((

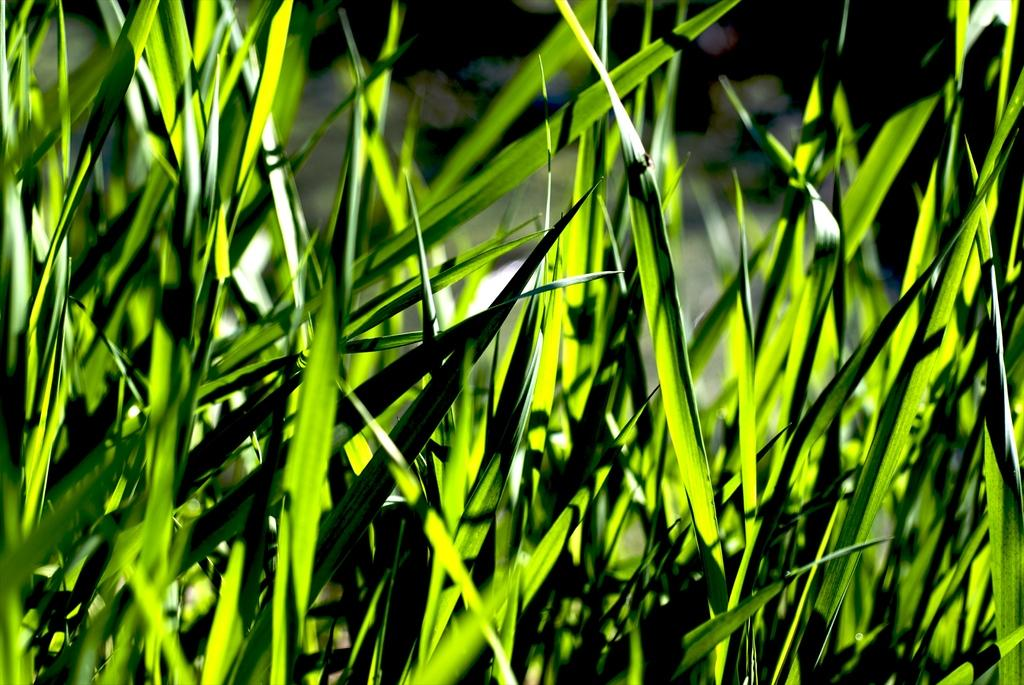What type of living organisms can be seen in the image? Plants can be seen in the image. What color are the leaves of the plants in the image? The leaves of the plants in the image are green. Can you describe the background of the image? The background of the image is blurred. What type of beam is holding up the coach in the image? There is no coach or beam present in the image; it only features plants with green leaves and a blurred background. 
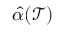<formula> <loc_0><loc_0><loc_500><loc_500>\hat { \alpha } ( \mathcal { T } )</formula> 
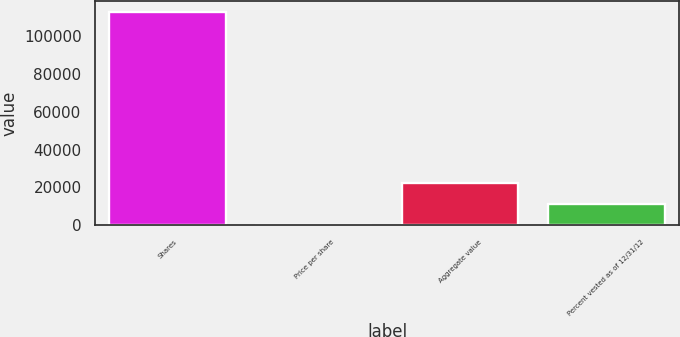<chart> <loc_0><loc_0><loc_500><loc_500><bar_chart><fcel>Shares<fcel>Price per share<fcel>Aggregate value<fcel>Percent vested as of 12/31/12<nl><fcel>112500<fcel>30.87<fcel>22524.7<fcel>11277.8<nl></chart> 
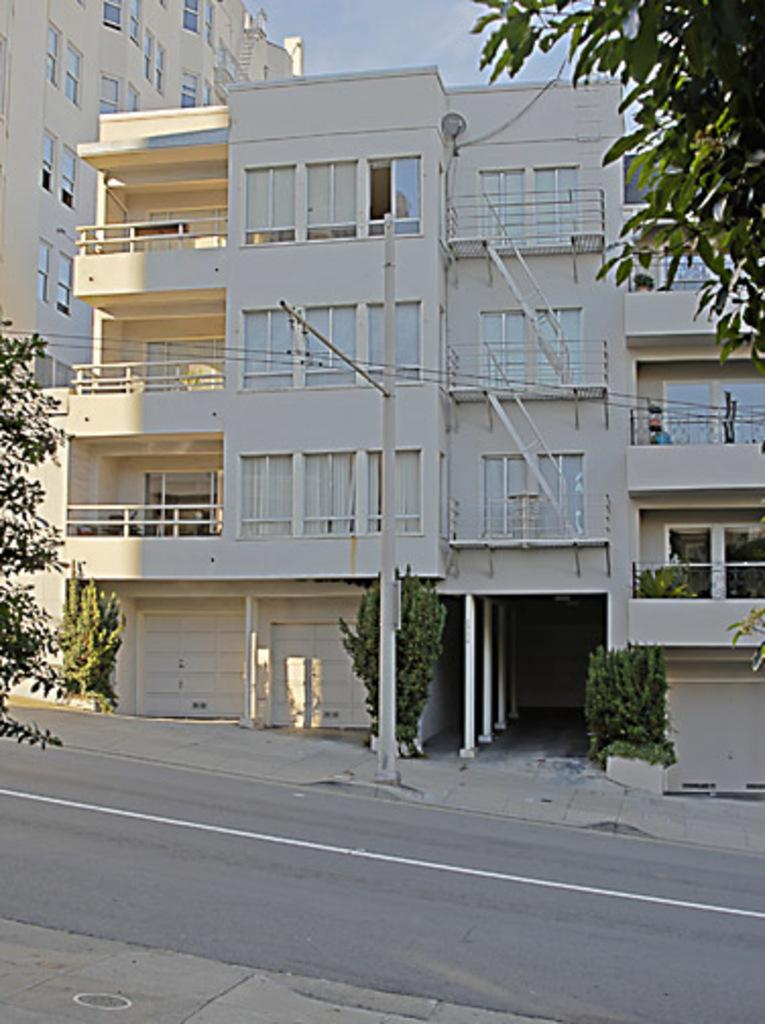What type of structures can be seen in the image? There are buildings in the image. What other natural elements are present in the image? There are trees in the image. What is attached to the pole in the image? There are wires attached to the pole in the image. What is visible in the background of the image? The sky is visible in the image. What can be found at the bottom of the image? There is a road and a path at the bottom of the image. What time of day is it in the image, and how does it affect the need for a step? The time of day is not mentioned in the image, and there is no indication of a need for a step. 
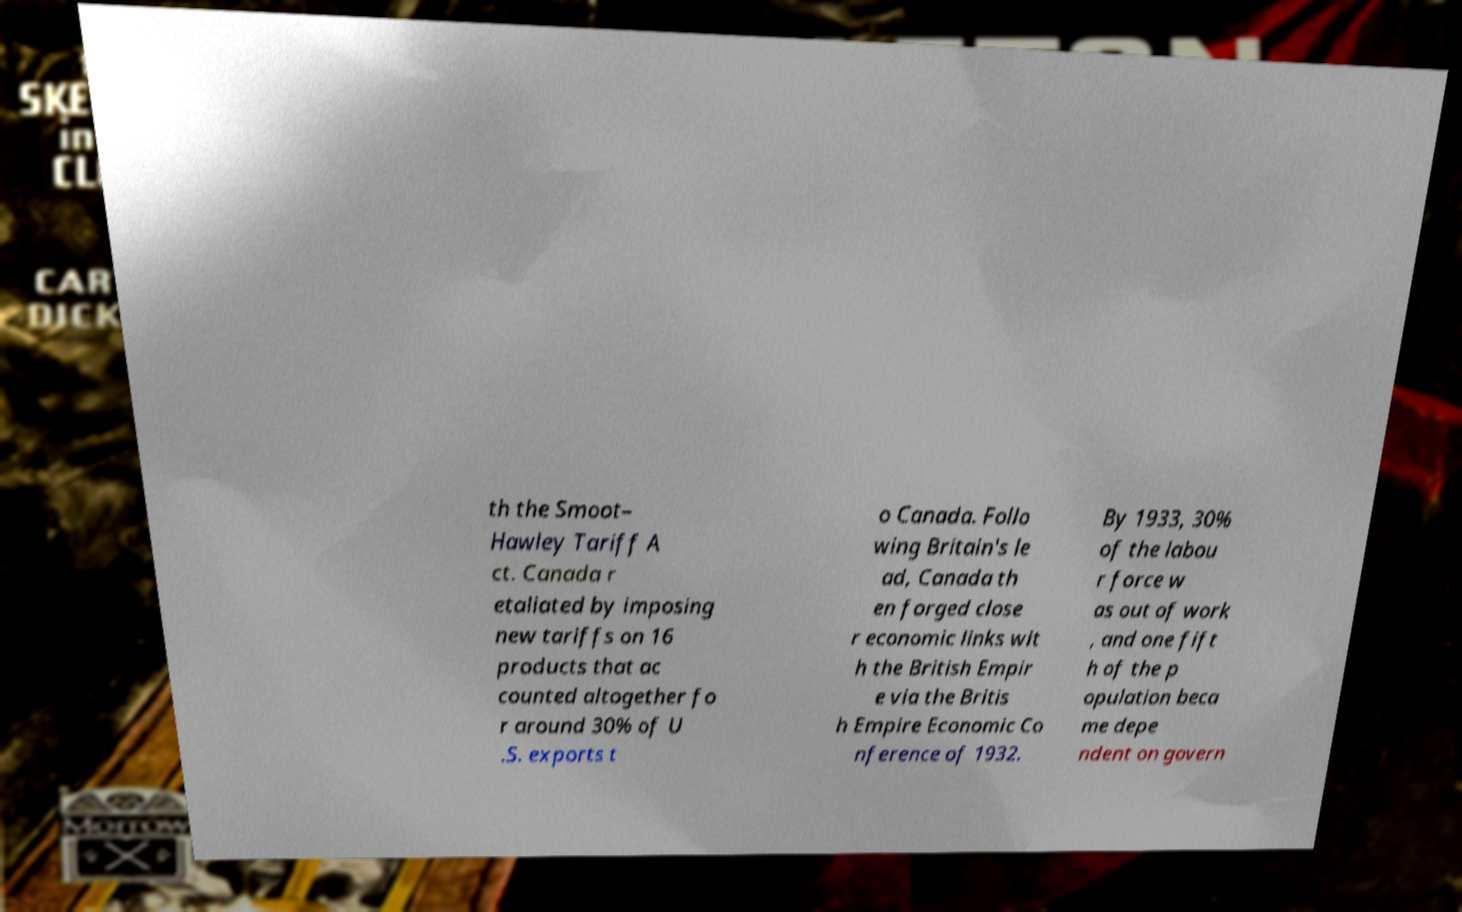Please identify and transcribe the text found in this image. th the Smoot– Hawley Tariff A ct. Canada r etaliated by imposing new tariffs on 16 products that ac counted altogether fo r around 30% of U .S. exports t o Canada. Follo wing Britain's le ad, Canada th en forged close r economic links wit h the British Empir e via the Britis h Empire Economic Co nference of 1932. By 1933, 30% of the labou r force w as out of work , and one fift h of the p opulation beca me depe ndent on govern

))

### ABOUT THIS EXERCISE
What you hand back should match the listing exactly, except that no pictures appear.

### RESPONSE
What type of living organisms can be seen in the image? Plants can be seen in the image. What color are the leaves of the plants in the image? The leaves of the plants in the image are green. Can you describe the background of the image? The background of the image is blurred. What type of beam is holding up the coach in the image? There is no coach or beam present in the image; it only features plants with green leaves and a blurred background. 
<formula> <loc_0><loc_0><loc_500><loc_500>\hat { \alpha } ( \mathcal { T } )</formula> 
<chart> <loc_0><loc_0><loc_500><loc_500><bar_chart><fcel>Shares<fcel>Price per share<fcel>Aggregate value<fcel>Percent vested as of 12/31/12<nl><fcel>112500<fcel>30.87<fcel>22524.7<fcel>11277.8<nl></chart> 
What type of structures can be seen in the image? There are buildings in the image. What other natural elements are present in the image? There are trees in the image. What is attached to the pole in the image? There are wires attached to the pole in the image. What is visible in the background of the image? The sky is visible in the image. What can be found at the bottom of the image? There is a road and a path at the bottom of the image. What time of day is it in the image, and how does it affect the need for a step? The time of day is not mentioned in the image, and there is no indication of a need for a step. 
Please identify and transcribe the text found in this image. th the Smoot– Hawley Tariff A ct. Canada r etaliated by imposing new tariffs on 16 products that ac counted altogether fo r around 30% of U .S. exports t o Canada. Follo wing Britain's le ad, Canada th en forged close r economic links wit h the British Empir e via the Britis h Empire Economic Co nference of 1932. By 1933, 30% of the labou r force w as out of work , and one fift h of the p opulation beca me depe ndent on govern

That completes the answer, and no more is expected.